What I see happening is the faster kids are being pushed to do "algebra" and "investigations" in the top third grade classes. The slower kids are being fed a steady stream of basic skill worksheets (gotta keep up those state scores). Their is no acceleration for the ones who could possibly excel and accelerate if they were just given the chance. They are stuck on the slow track.
I noticed one third grade classroom had to make up a different math problem for every day of the month. It is proudly displayed in the hallway. I thank my lucky stars my kid isn't in that class. This is enrichment. This is fun. I think it is stupid.
So, you have basic skills exposure versus ennrichment using investigations. Which is the worse of the two?
Three tanks, A, B, and C are filled with water. A has three times as much water as B and B has three times as much water as C. A has 48 gal of water more than C. Find the total amount of water in the three tanks.
They think that it takes "math brains" to be good in math, and the schools guarantee that this is the only result.
This is our school in a nutshell.
It's taken me until midway through this year to realize how incredibly low level the accelerated math class is - and yet it's taught as if only a mathematically gifted child is capable of handling the material.
Which is exactly how things have played out, given that expectation.
I don't get these comments. Are the Singapore math questions people cite here supposed to be harder than the TERC questions? They're different -- the Singapore math ones plug directly into equations, and the TERC question requires you to actually read the words to figure out which dimension is being asked for but is it actually true that one is easier than the other? Or, I guess as an alternative, can the kids trained in Singapore Math do the TERC question, while those trained with the TERC problems can't answer the Singapore Math questions?
Has anyone done that experiment?
I'm a grown-up, and I don't know how I was taught math, but I can do both questions. The number crunching takes longer for the Singapore Math question, but they're easier to plug into the equation than the TERC questions.
I'm not sure I could have answered either as a 3rd grader.
"Are the Singapore math questions people cite here supposed to be harder than the TERC questions?"
Yes, but it's more clear when you see more problems. Open the workbooks side-by-side. My son uses Everyday Math, and "everyday" I see the differences in difficulty.
"...the Singapore math ones plug directly into equations, ..."
I'm not sure what third grade equations you are referring to for the three tank problem. I suspect that Singapore wants the student to translate the words into a bar model.
"... is it actually true that one is easier than the other?"
Yes.
"... can the kids trained in Singapore Math do the TERC question, while those trained with the TERC problems can't answer the Singapore Math questions?"
That's the point.
"...but they're easier to plug into the equation than the TERC questions."
Which equation is that?
It sounds like bj is implying that the TERC problems require more thinking than the Singapore Math problems, which only require plug and chug. If so, I would be open to hearing a more complete argument of that position.

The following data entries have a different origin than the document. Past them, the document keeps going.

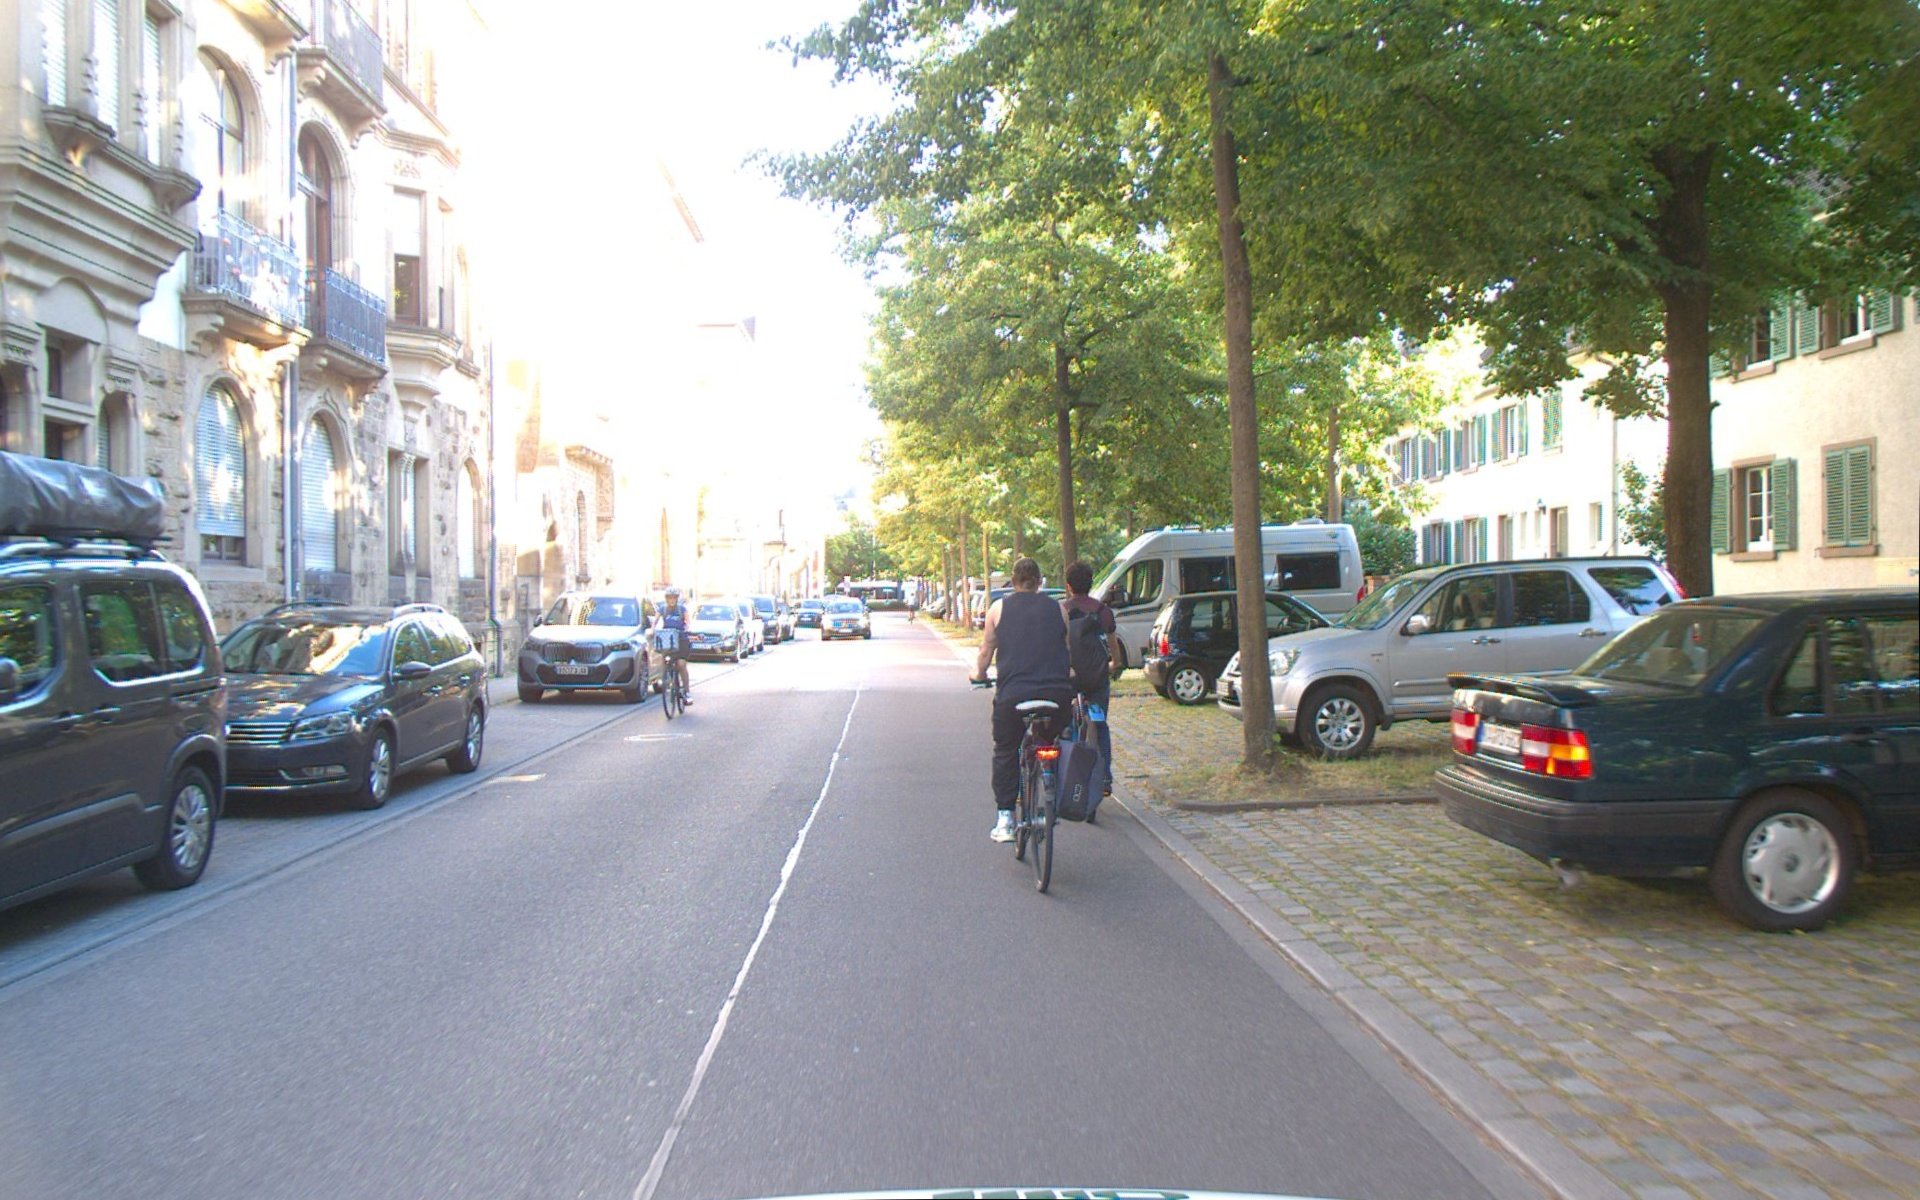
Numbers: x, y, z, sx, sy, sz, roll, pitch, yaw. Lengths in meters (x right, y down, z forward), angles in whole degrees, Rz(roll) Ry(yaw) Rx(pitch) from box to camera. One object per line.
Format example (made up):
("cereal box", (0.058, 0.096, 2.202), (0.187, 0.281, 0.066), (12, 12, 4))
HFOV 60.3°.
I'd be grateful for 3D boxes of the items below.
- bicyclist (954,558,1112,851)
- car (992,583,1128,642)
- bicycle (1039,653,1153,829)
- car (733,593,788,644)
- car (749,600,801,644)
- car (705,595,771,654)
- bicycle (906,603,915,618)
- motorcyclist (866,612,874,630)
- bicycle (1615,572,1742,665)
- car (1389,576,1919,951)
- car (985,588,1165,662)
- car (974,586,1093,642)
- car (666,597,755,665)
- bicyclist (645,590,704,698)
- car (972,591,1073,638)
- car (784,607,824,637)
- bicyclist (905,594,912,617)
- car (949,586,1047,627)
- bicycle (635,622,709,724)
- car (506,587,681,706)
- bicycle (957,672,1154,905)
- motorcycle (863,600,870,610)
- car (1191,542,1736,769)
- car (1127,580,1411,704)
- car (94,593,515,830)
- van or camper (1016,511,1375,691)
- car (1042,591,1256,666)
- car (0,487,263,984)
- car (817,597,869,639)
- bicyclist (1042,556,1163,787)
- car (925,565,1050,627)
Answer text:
("bicyclist", (0.393, 0.563, 9.354), (0.693, 1.553, 0.970), (-1, -1, -9))
("car", (3.155, 0.407, 52.796), (4.157, 1.676, 1.854), (-2, -1, -1))
("bicycle", (0.946, 0.961, 11.899), (0.544, 1.091, 1.967), (-1, 0, -3))
("car", (-6.851, 0.654, 57.047), (1.598, 1.694, 3.965), (-1, -1, -3))
("car", (-6.957, 0.834, 62.514), (1.583, 1.508, 4.016), (3, -1, -2))
("car", (-6.340, 0.684, 47.469), (1.461, 1.544, 3.773), (3, -1, -2))
("bicycle", (-2.954, 0.629, 98.129), (0.530, 0.842, 1.918), (-1, -1, -2))
("motorcyclist", (-7.254, 1.693, 133.464), (0.540, 1.474, 0.687), (-1, 0, -5))
("bicycle", (11.499, 0.290, 26.546), (0.786, 1.424, 1.996), (-1, 0, -15))
("car", (4.766, 0.610, 7.995), (4.798, 1.467, 1.940), (-3, -1, -4))
("car", (2.808, 0.611, 40.891), (4.161, 1.634, 1.751), (-2, -1, -6))
("car", (2.650, 0.514, 60.186), (4.157, 1.872, 1.854), (-2, -1, -1))
("car", (-6.259, 0.763, 41.880), (1.720, 1.544, 4.112), (3, -1, -2))
("bicyclist", (-3.798, 0.569, 22.050), (0.652, 1.368, 1.059), (-2, 1, -6))
("car", (2.635, 0.612, 70.657), (4.157, 1.828, 1.854), (-2, -1, -1))
("car", (-8.281, 1.164, 87.982), (1.954, 1.512, 3.997), (-1, -1, -3))
("bicyclist", (-3.039, 0.309, 98.167), (0.408, 1.374, 0.430), (-1, -1, -2))
("car", (1.842, 0.325, 80.790), (4.661, 1.811, 1.854), (-2, -1, -1))
("bicycle", (-3.821, 0.936, 22.113), (0.738, 1.199, 2.617), (-2, 1, -6))
("car", (-5.557, 0.695, 25.610), (2.009, 1.650, 4.391), (-1, -1, -4))
("bicycle", (0.478, 0.977, 9.199), (0.683, 1.091, 1.964), (-1, -1, -9))
("motorcycle", (-7.489, 0.379, 132.715), (0.540, 0.815, 1.307), (-1, 0, -5))
("car", (4.549, 0.457, 15.381), (4.388, 1.698, 1.941), (-4, 1, -4))
("car", (4.137, 0.559, 22.498), (3.431, 1.498, 1.750), (-2, -1, -3))
("car", (-5.152, 0.808, 13.755), (1.694, 1.602, 4.707), (-1, -1, -1))
("van or camper", (3.825, 0.021, 27.608), (5.465, 2.581, 2.266), (-3, -1, -4))
("car", (4.067, 0.616, 36.041), (4.411, 1.478, 1.815), (-1, -1, -1))
("car", (-4.894, 0.538, 7.375), (1.930, 2.009, 4.494), (0, 0, -4))
("car", (-4.471, 0.714, 62.729), (1.860, 1.512, 4.376), (-1, -1, -5))
("bicyclist", (0.988, 0.488, 11.696), (0.704, 1.553, 0.971), (-1, -1, -3))
("car", (1.599, -0.219, 97.504), (7.184, 3.339, 2.222), (-2, -1, -1))
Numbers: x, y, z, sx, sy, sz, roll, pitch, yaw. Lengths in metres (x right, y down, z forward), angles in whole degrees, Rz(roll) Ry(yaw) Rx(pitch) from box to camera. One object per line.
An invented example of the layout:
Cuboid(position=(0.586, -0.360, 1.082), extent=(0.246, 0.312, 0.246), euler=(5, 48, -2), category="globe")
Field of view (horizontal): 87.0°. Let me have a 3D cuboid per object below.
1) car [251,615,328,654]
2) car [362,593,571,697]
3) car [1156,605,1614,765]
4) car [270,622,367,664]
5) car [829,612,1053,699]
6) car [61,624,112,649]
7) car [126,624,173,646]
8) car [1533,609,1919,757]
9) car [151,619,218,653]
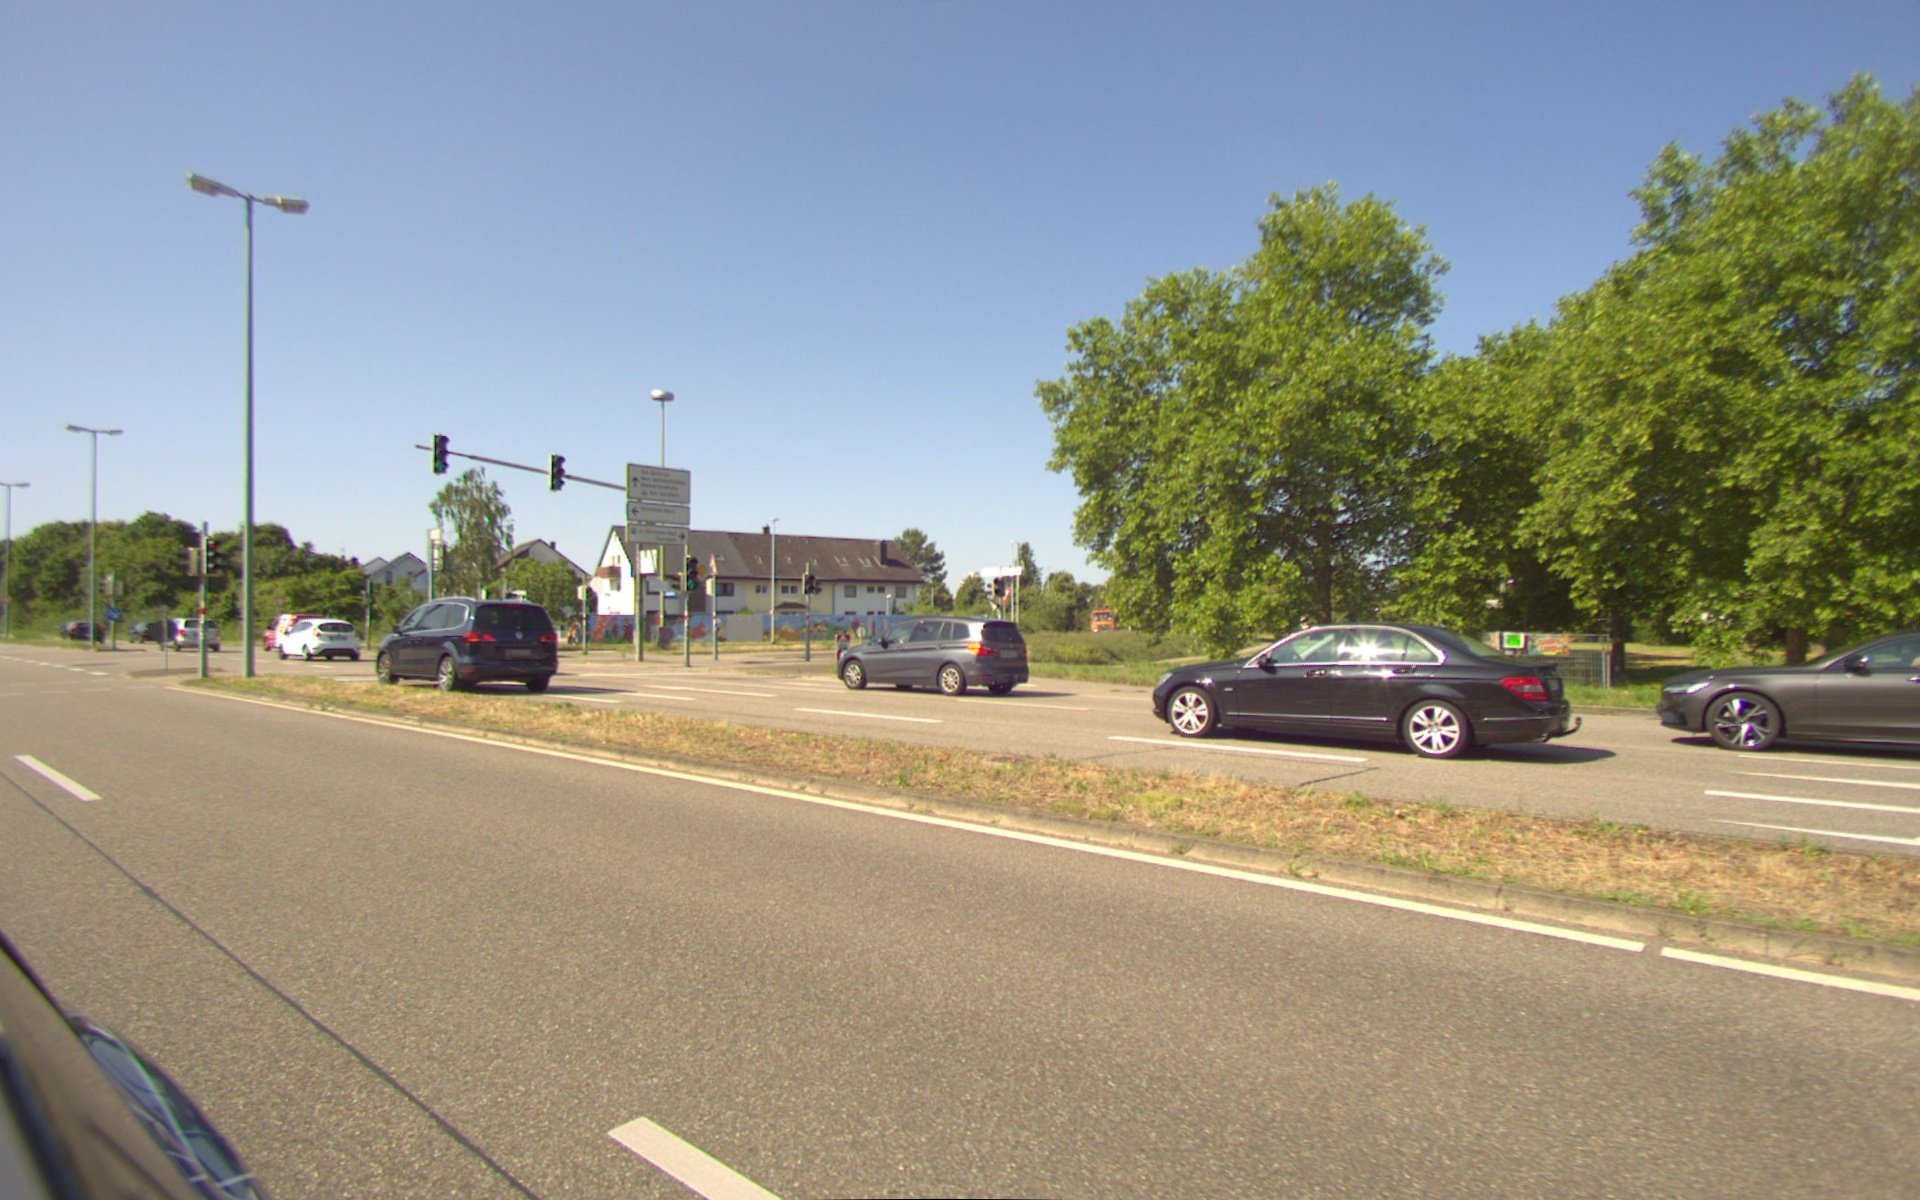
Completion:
Cuboid(position=(-31.590, 1.618, 47.659), extent=(4.222, 1.783, 1.688), euler=(-1, -3, 37), category="car")
Cuboid(position=(-9.501, 0.835, 19.340), extent=(4.505, 1.764, 1.960), euler=(-1, -3, 41), category="car")
Cuboid(position=(4.685, 0.873, 11.511), extent=(4.445, 1.468, 1.962), euler=(-1, -4, 39), category="car")
Cuboid(position=(-22.640, 1.475, 35.676), extent=(3.840, 1.397, 1.810), euler=(-1, -2, 40), category="car")
Cuboid(position=(-0.479, 1.121, 21.324), extent=(4.486, 1.635, 2.050), euler=(-1, -3, 40), category="car")
Cuboid(position=(-54.731, 2.258, 63.385), extent=(4.332, 1.468, 1.959), euler=(-1, -2, 43), category="car")
Cuboid(position=(-54.051, 2.306, 67.494), extent=(4.229, 1.468, 1.864), euler=(-1, -2, 43), category="car")
Cuboid(position=(9.726, 0.937, 12.145), extent=(4.681, 1.540, 2.050), euler=(-1, -4, 40), category="car")
Cuboid(position=(-34.878, 1.614, 45.487), extent=(3.868, 1.468, 1.602), euler=(-1, -2, 40), category="car")
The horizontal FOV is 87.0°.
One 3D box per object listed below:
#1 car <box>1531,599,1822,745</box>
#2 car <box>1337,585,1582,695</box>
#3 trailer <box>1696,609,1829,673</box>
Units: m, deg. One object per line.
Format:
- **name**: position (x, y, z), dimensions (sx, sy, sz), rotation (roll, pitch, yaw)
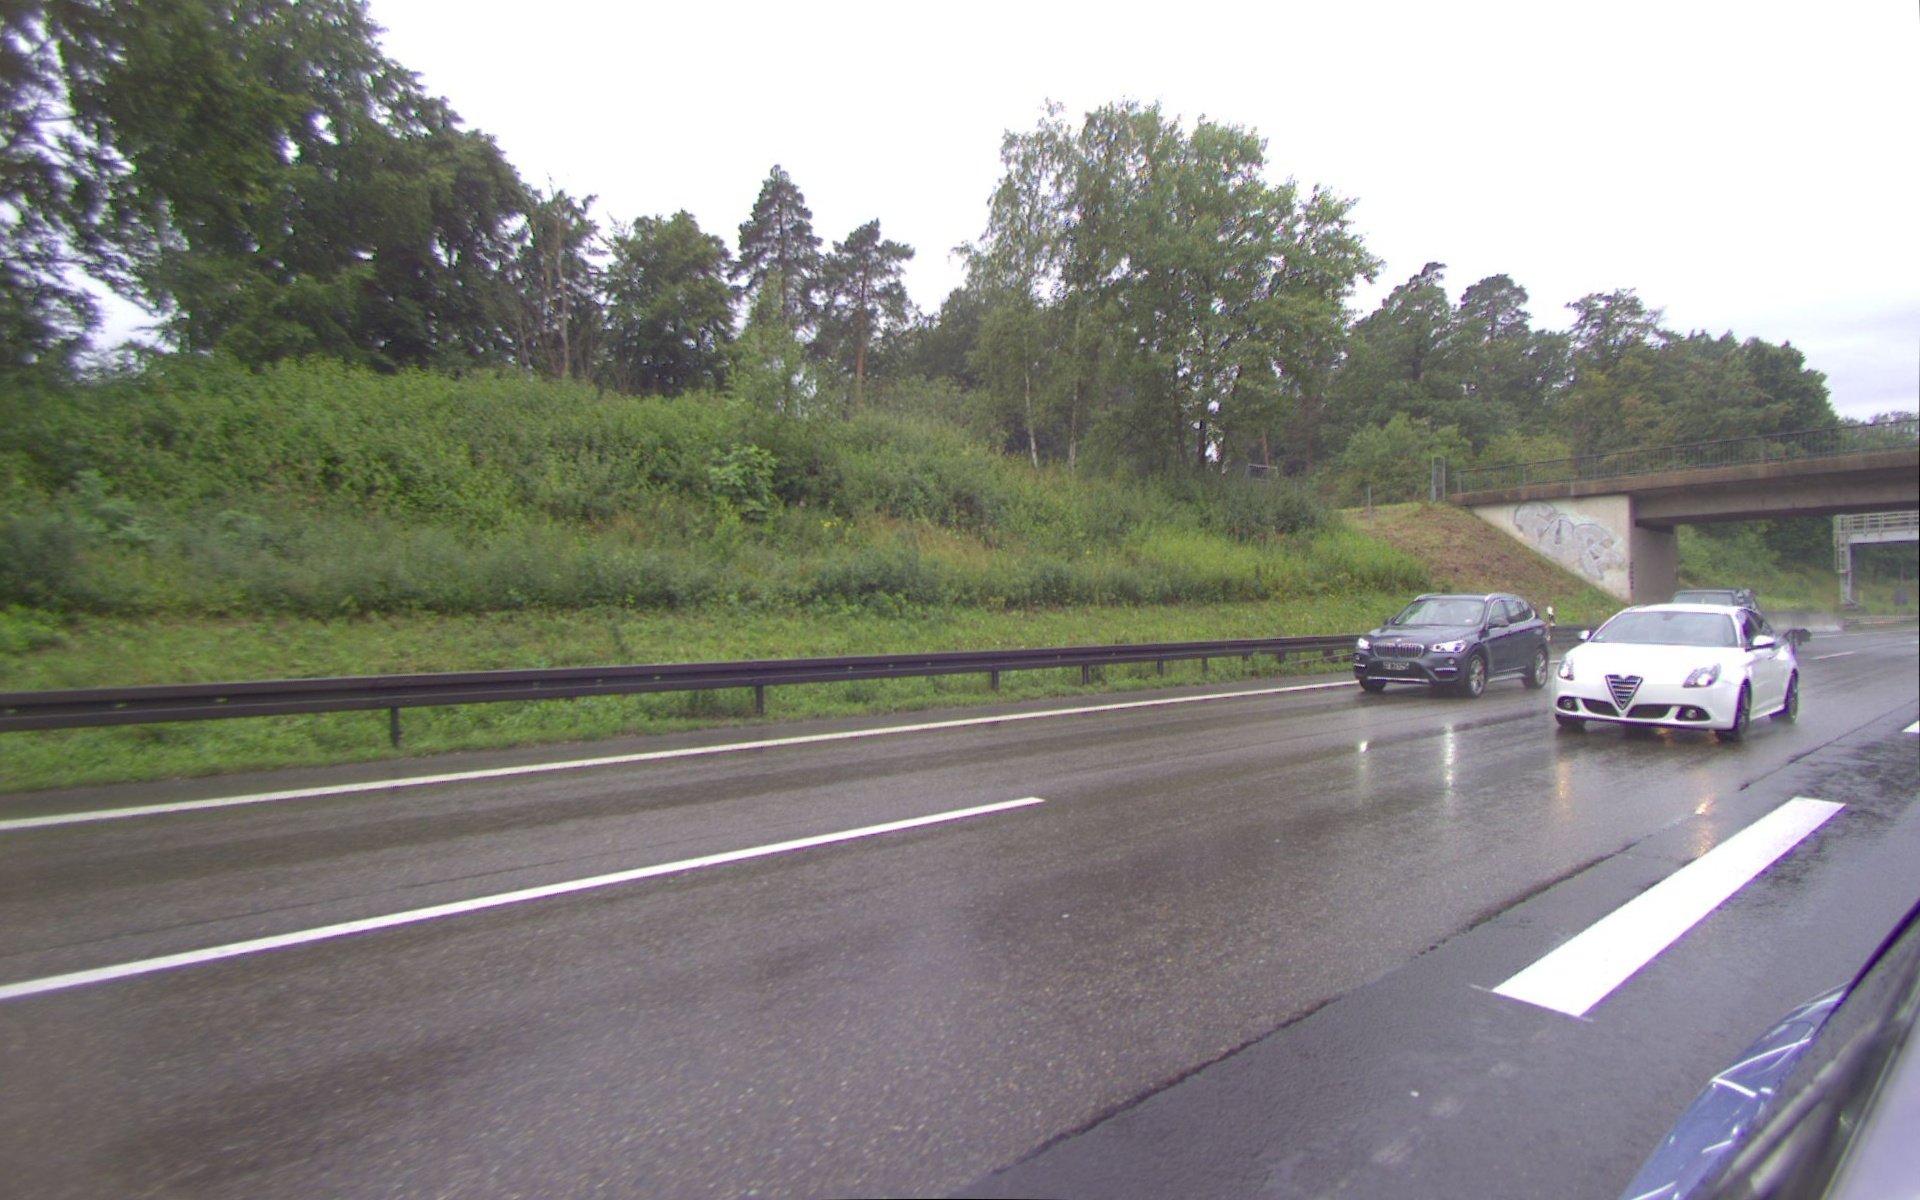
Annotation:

I went to see the person in charge of curriculum at my son's (ex) private school today. They are sorry to see our A+ Everyday Math student leave the school. (He is not A+ in Singapore Math, by my standards.) When we got to talking about changes in the math curriculum, she seemed to have it all figured out. (I had loaned her my Singapore Math books.) It's hard for me to characterize the conversation because it was filled with all sorts of generalities. It looks like they will keep Everyday Math.
Why? Well, it seems for all sorts of reasons. Better test scores were mentioned and many approaches to explanation were discussed. The main reason seems to be that they want to keep it. She even referred to What Works Clearinghouse. It wasn't my goal to change her mind. I wanted to hear the arguments. It all comes down to opinion, pedagogy, and expectations. Apparently, there are two types of students; math brains and the rest. Their math program will be selected based on "the rest". They will worry over what to do with the math brains, but you don't base a curriculum on those kids.
At no time was there any attempt to say that Everyday Math was better than Singapore Math.
"-- the Singapore math ones plug directly into equations"
At this level of Singapore math, the children aren't using equations, they are using bar diagrams. There is no "plugging into equations" - the child has to diagram and solve the problem, which takes multiple steps.
"the TERC question requires you to actually read the words to figure out which dimension is being asked for"
Sinapore questions certainly require that the student "actually read the words." Students can't simply pull out the numbers - diagramming the problems requires understanding exactly what has been stated, what remains unknown and the relationship between the two.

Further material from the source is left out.